The black Thing seemed to curl closer around me, an invisible nautilus shell protecting me from her words, hope-laced and cruel. I closed my eyes again and rolled away from her. “I don’t feel like coffee. Thank you.”
A sharp indrawn breath. Had I offended her? Good. Maybe she would just leave without pretending to miss me, without false promises about staying in touch.
But then she hissed, “What’s that?” and I felt her hand fumble in the sheets at my back. A small squarish something slid out from beneath me.
I sat up and saw The Ten Thousand Doors clutched in her hands, her fingertips white where they pressed into the cover. “That’s mine, if you don’t—”
“Where did you get this?” Her voice was perfectly level but oddly urgent.
“It was a gift,” I said defensively. “I think.”
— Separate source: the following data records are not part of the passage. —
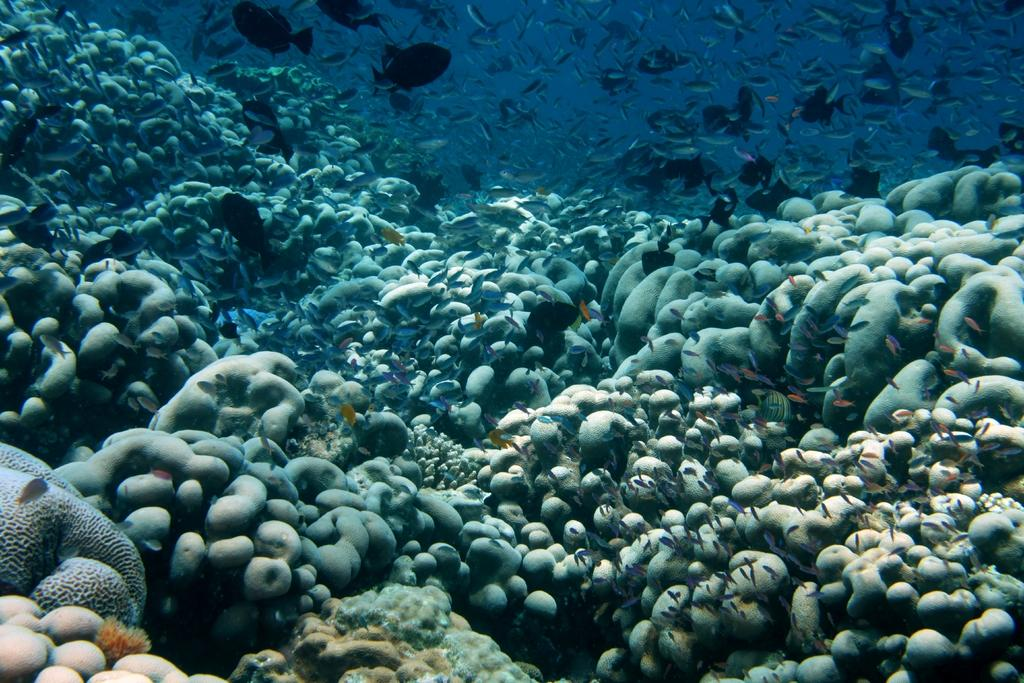Where was the image taken? The image was taken underwater. What types of creatures can be seen in the image? There are marine species visible in the image. What type of nerve can be seen in the image? There are no nerves present in the image, as it features marine species underwater. 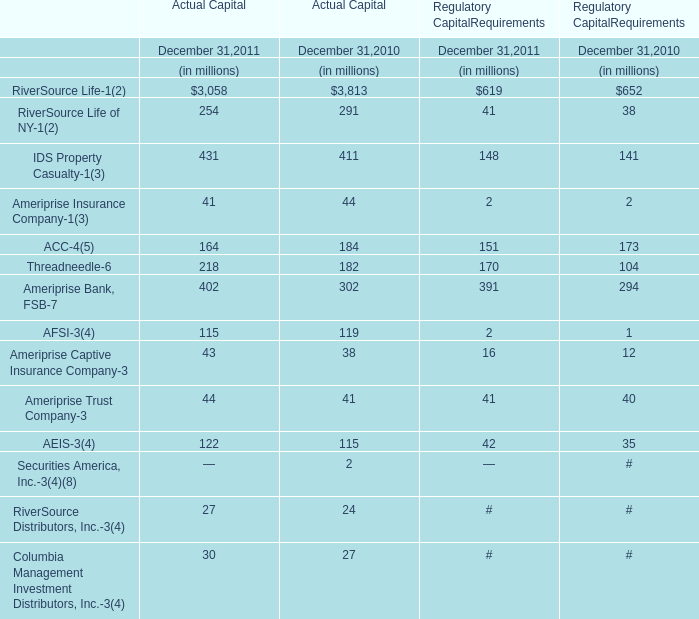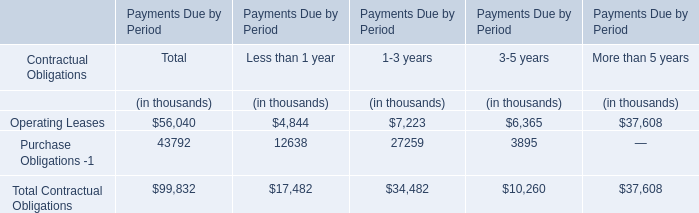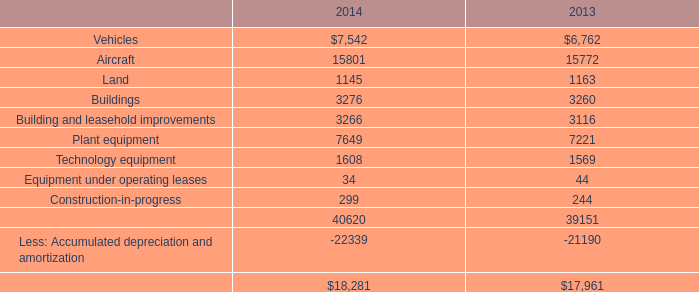What is the proportion of RiverSource Life in Actual Capital to the total in 2011? 
Computations: (3058 / ((((((((((((3058 + 254) + 431) + 41) + 164) + 218) + 402) + 115) + 43) + 44) + 122) + 27) + 30))
Answer: 0.6179. 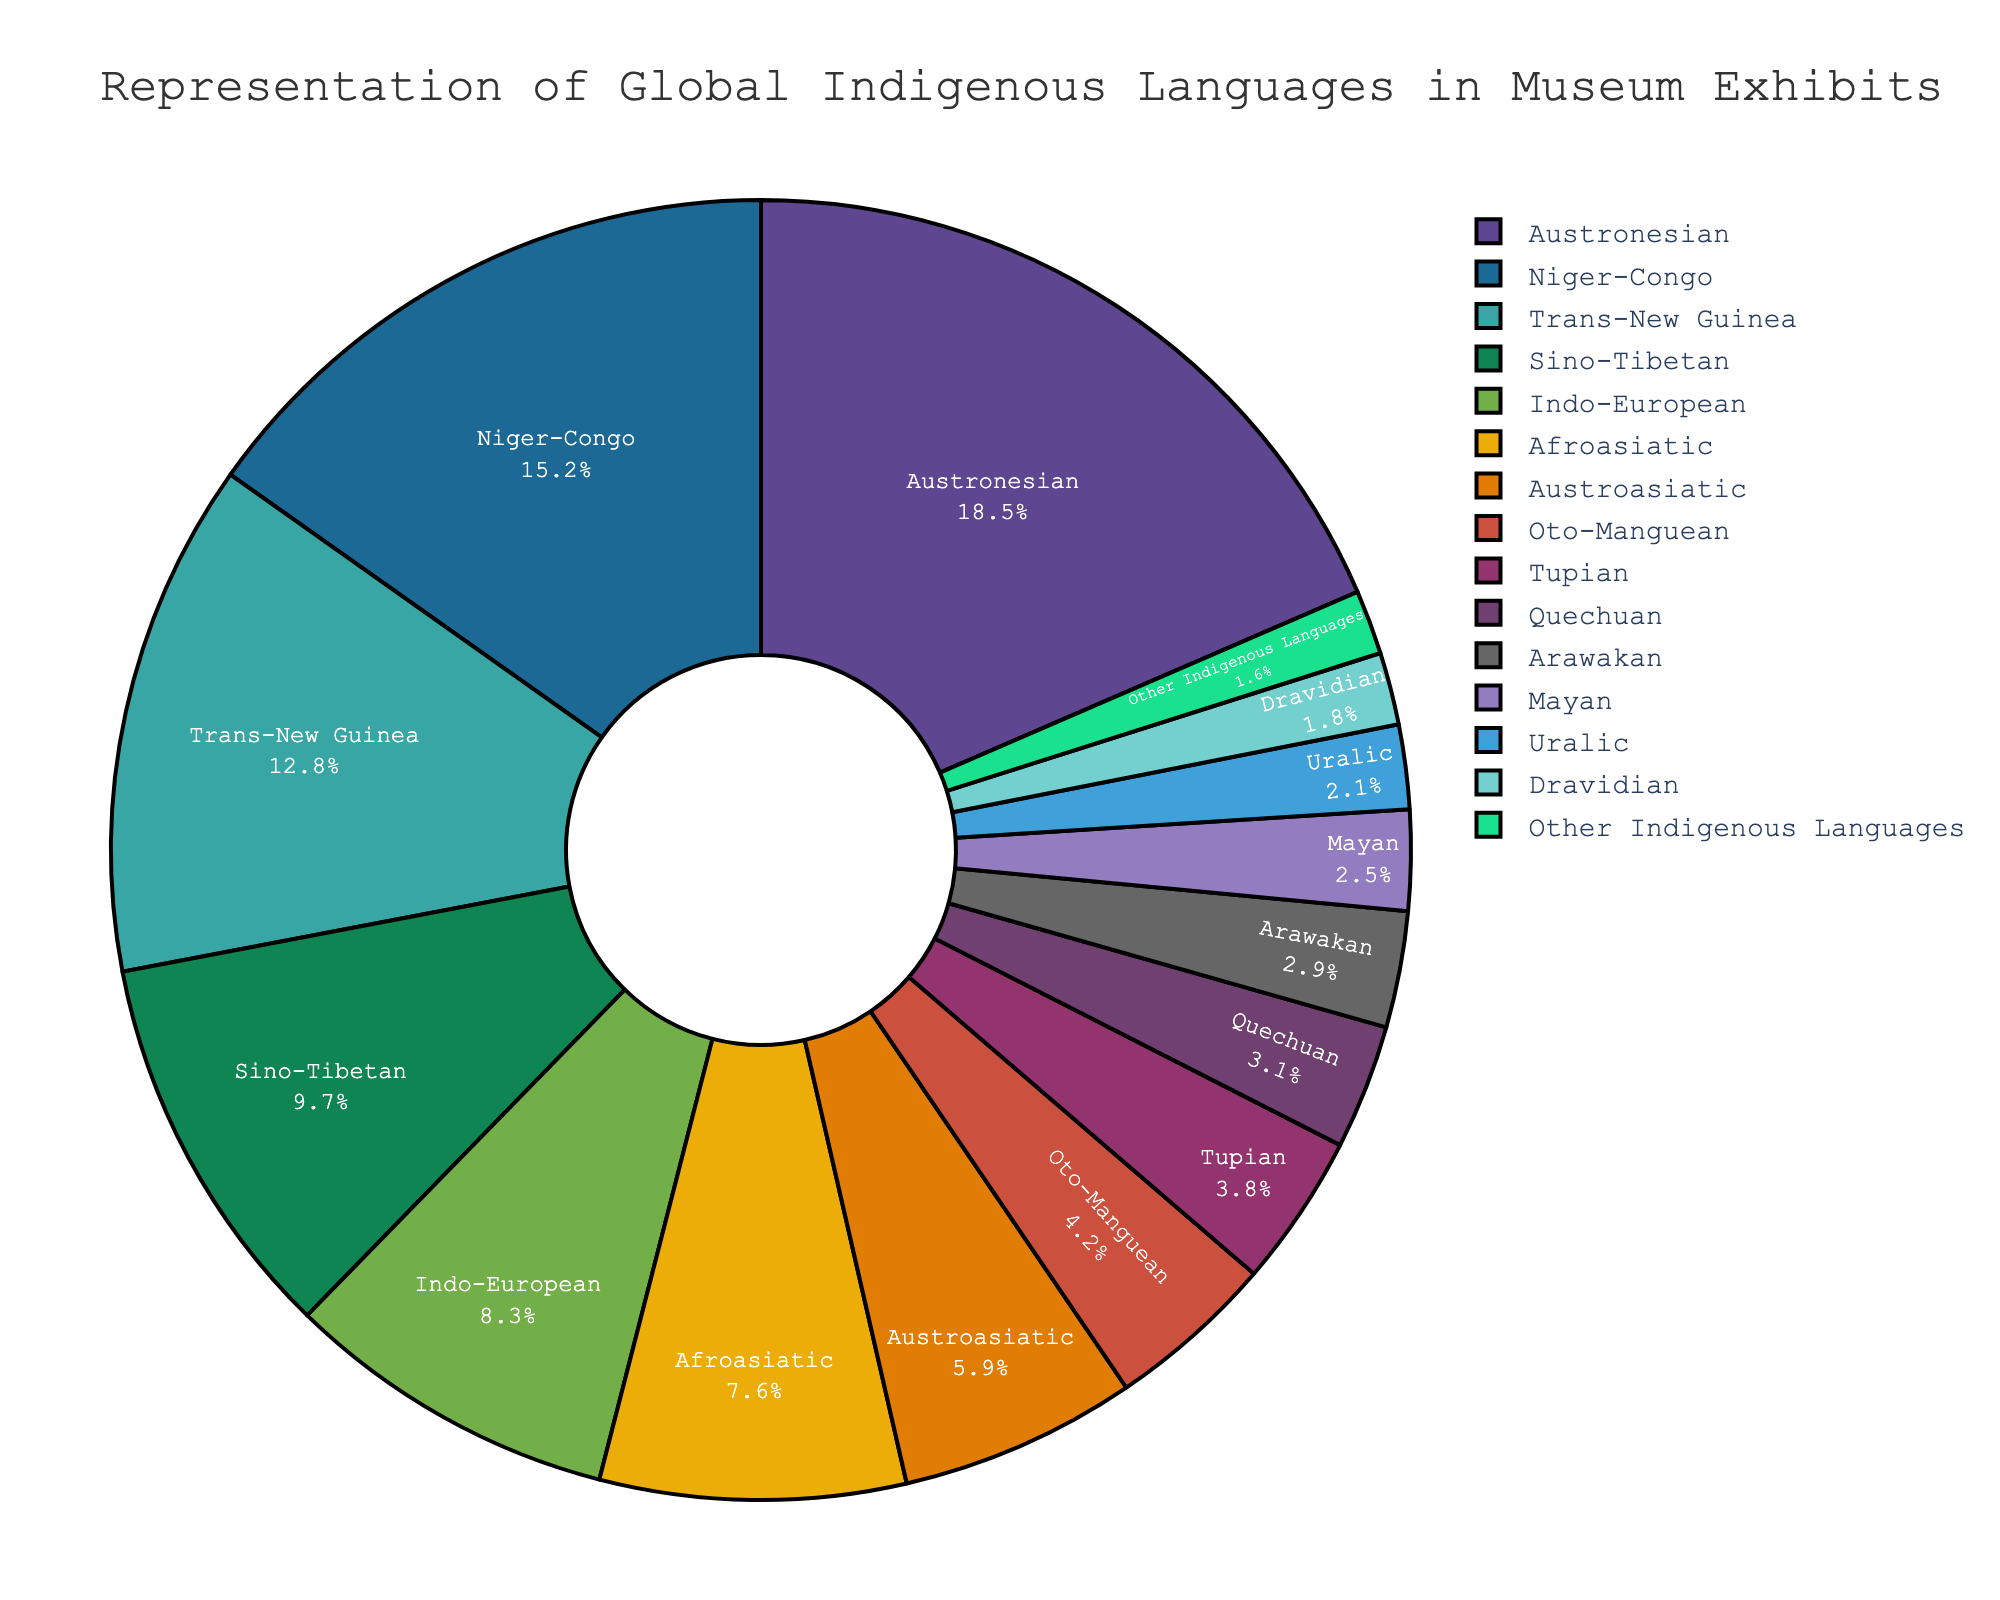What is the most represented language family in museum exhibits? The largest section in the pie chart, colored distinctly, represents 18.5% for the Austronesian language family, making it the most represented.
Answer: Austronesian Which language family has a 3.1% representation in museum exhibits? The slice labeled "Quechuan" indicates that it comprises 3.1% of the museum exhibits.
Answer: Quechuan What is the total percentage of museum exhibits representing the Afroasiatic and Dravidian language families combined? The Afroasiatic slice shows 7.6% and the Dravidian slice shows 1.8%. Adding these together, 7.6% + 1.8% = 9.4%.
Answer: 9.4% Which language family has nearly half the representation of the Austronesian family? The Austronesian family represents 18.5%. Half of 18.5% is approximately 9.25%. The Sino-Tibetan family has 9.7%, which is close to half.
Answer: Sino-Tibetan What is the difference in the percentage representation between the Niger-Congo and Trans-New Guinea language families? The pie chart shows Niger-Congo at 15.2% and Trans-New Guinea at 12.8%. Subtracting these gives 15.2% - 12.8% = 2.4%.
Answer: 2.4% How much more represented is the Indo-European family compared to the Oto-Manguean family? The Indo-European family represents 8.3%, while the Oto-Manguean family represents 4.2%. Subtracting these gives 8.3% - 4.2% = 4.1%.
Answer: 4.1% What is the total percentage of museum exhibits that represent the 'Other Indigenous Languages' category? The pie chart has a slice labeled 'Other Indigenous Languages' with a percentage of 1.6%.
Answer: 1.6% Which language family is depicted in a comparatively smaller section than the Mayan family? The Mayan family shows 2.5%. Only the Uralic (2.1%), Dravidian (1.8%), and 'Other Indigenous Languages' (1.6%) sections are smaller. The 'Other Indigenous Languages' family is indeed smaller.
Answer: Other Indigenous Languages Calculate the collective percentage representation of all language families below 5%. Adding the percentages for Oto-Manguean (4.2%), Tupian (3.8%), Quechuan (3.1%), Arawakan (2.9%), Mayan (2.5%), Uralic (2.1%), Dravidian (1.8%), and Other Indigenous Languages (1.6%) gives:
(4.2% + 3.8% + 3.1% + 2.9% + 2.5% + 2.1% + 1.8% + 1.6%) = 21.9%.
Answer: 21.9% Which language family has a representation that is closer to the average percentage across all families? To find the average, sum all percentages and divide by the number of language families. The total is 100%. There are 15 entries:
100% / 15 = 6.67%. The Austroasiatic family at 5.9% is closest to this average.
Answer: Austroasiatic 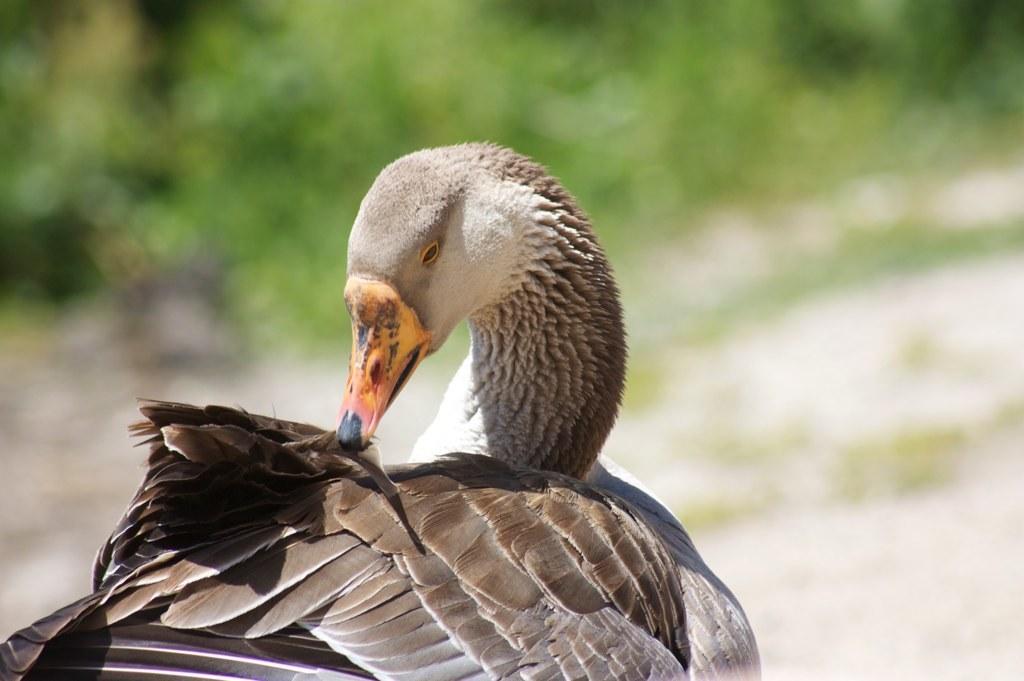Could you give a brief overview of what you see in this image? In this image we can see a bird and we can also see a blurred background. 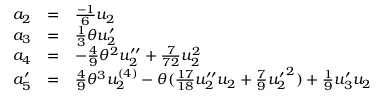<formula> <loc_0><loc_0><loc_500><loc_500>\begin{array} { l c l } { { a _ { 2 } } } & { = } & { { \frac { - 1 } { 6 } u _ { 2 } } } \\ { { a _ { 3 } } } & { = } & { { \frac { 1 } { 3 } \theta u _ { 2 } ^ { \prime } } } \\ { { a _ { 4 } } } & { = } & { { - \frac { 4 } { 9 } { \theta } ^ { 2 } u _ { 2 } ^ { \prime \prime } + \frac { 7 } { 7 2 } u _ { 2 } ^ { 2 } } } \\ { { a _ { 5 } ^ { \prime } } } & { = } & { { \frac { 4 } { 9 } { \theta } ^ { 3 } u _ { 2 } ^ { ( 4 ) } - \theta ( \frac { 1 7 } { 1 8 } u _ { 2 } ^ { \prime \prime } u _ { 2 } + \frac { 7 } { 9 } { u _ { 2 } ^ { \prime } } ^ { 2 } ) + \frac { 1 } { 9 } u _ { 3 } ^ { \prime } u _ { 2 } } } \end{array}</formula> 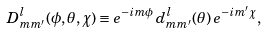<formula> <loc_0><loc_0><loc_500><loc_500>D ^ { l } _ { m m ^ { \prime } } ( \phi , \theta , \chi ) \equiv e ^ { - i m \phi } \, d ^ { l } _ { m m ^ { \prime } } ( \theta ) \, e ^ { - i m ^ { \prime } \chi } ,</formula> 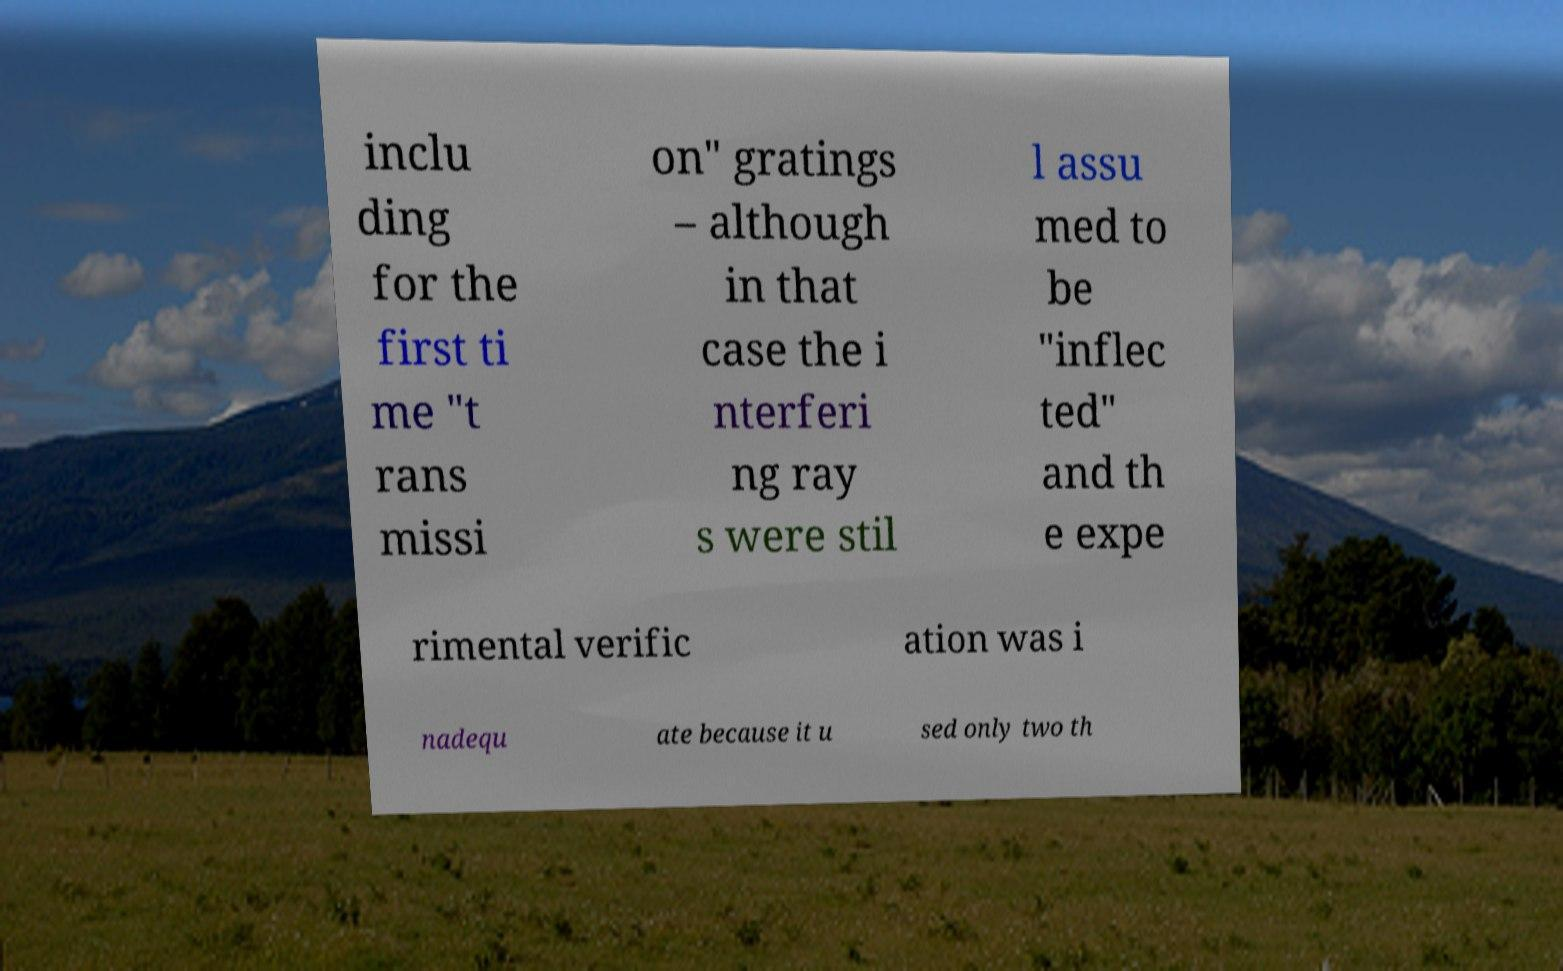I need the written content from this picture converted into text. Can you do that? inclu ding for the first ti me "t rans missi on" gratings – although in that case the i nterferi ng ray s were stil l assu med to be "inflec ted" and th e expe rimental verific ation was i nadequ ate because it u sed only two th 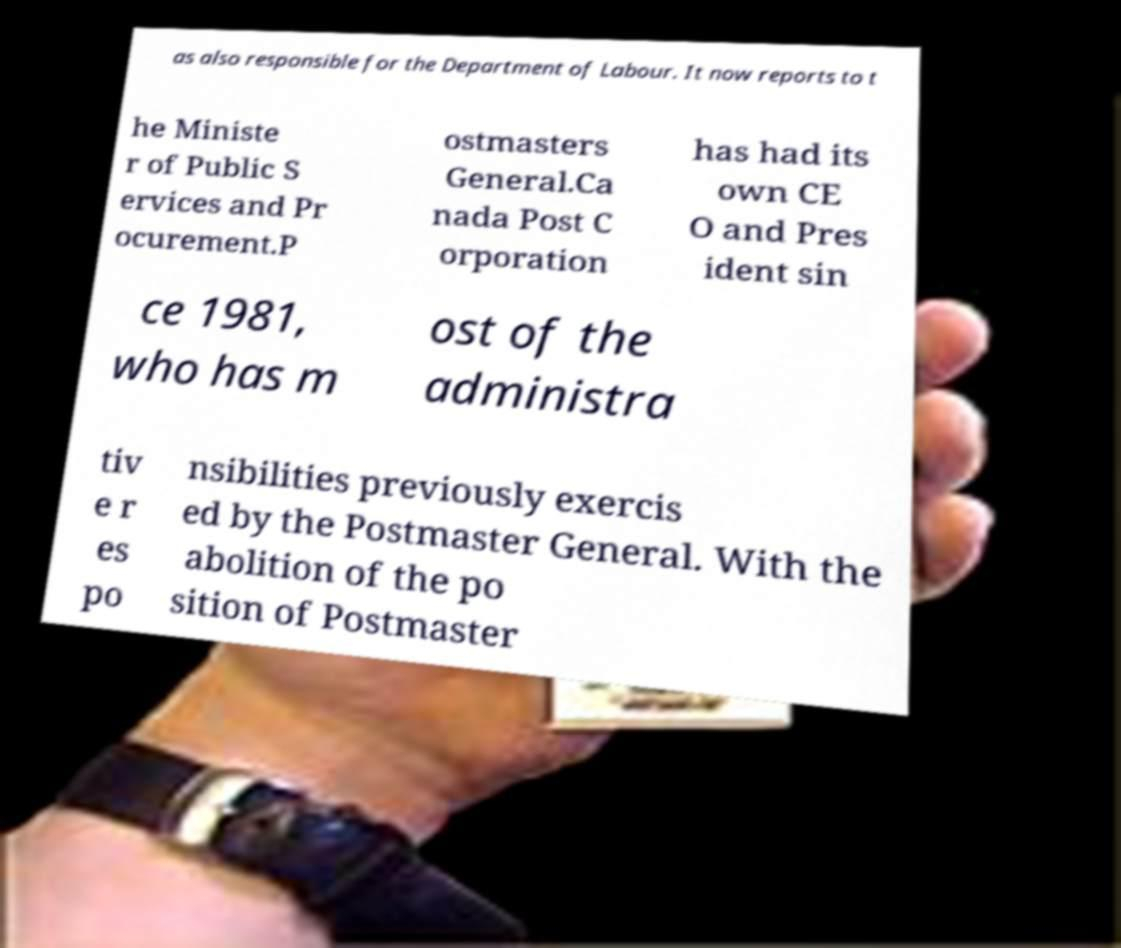Can you read and provide the text displayed in the image?This photo seems to have some interesting text. Can you extract and type it out for me? as also responsible for the Department of Labour. It now reports to t he Ministe r of Public S ervices and Pr ocurement.P ostmasters General.Ca nada Post C orporation has had its own CE O and Pres ident sin ce 1981, who has m ost of the administra tiv e r es po nsibilities previously exercis ed by the Postmaster General. With the abolition of the po sition of Postmaster

But she wasn’t listening. She was riffling through the book with hands that shook slightly, eyes skittering across the words as if they were some vital message written just for her. I felt a strange, illogical jealousy.
“Does it say anything about the irimu? The leopard-women? Did he find—”
A harsh rap-rap-rap on the door. Bad stood, one white tooth bared.
“Miss Jane? Mr. Locke would like a private word with you, if you please.” It was Mr. Stirling, sounding as usual like a typewriter that had somehow learned to walk and talk.
Jane and I stared at one another. Mr. Locke had never, in her two years at Locke House, spoken a private word to her, nor more than a dozen public ones. He regarded her as a regrettable necessity, like an ugly vase one is obliged to keep because it was a gift from a friend.
I watched Jane’s throat move, swallowing whatever emotion made her palms leave dark, damp patches on the leather-bound book. “I’ll be right there, Mr. Stirling, thank you.”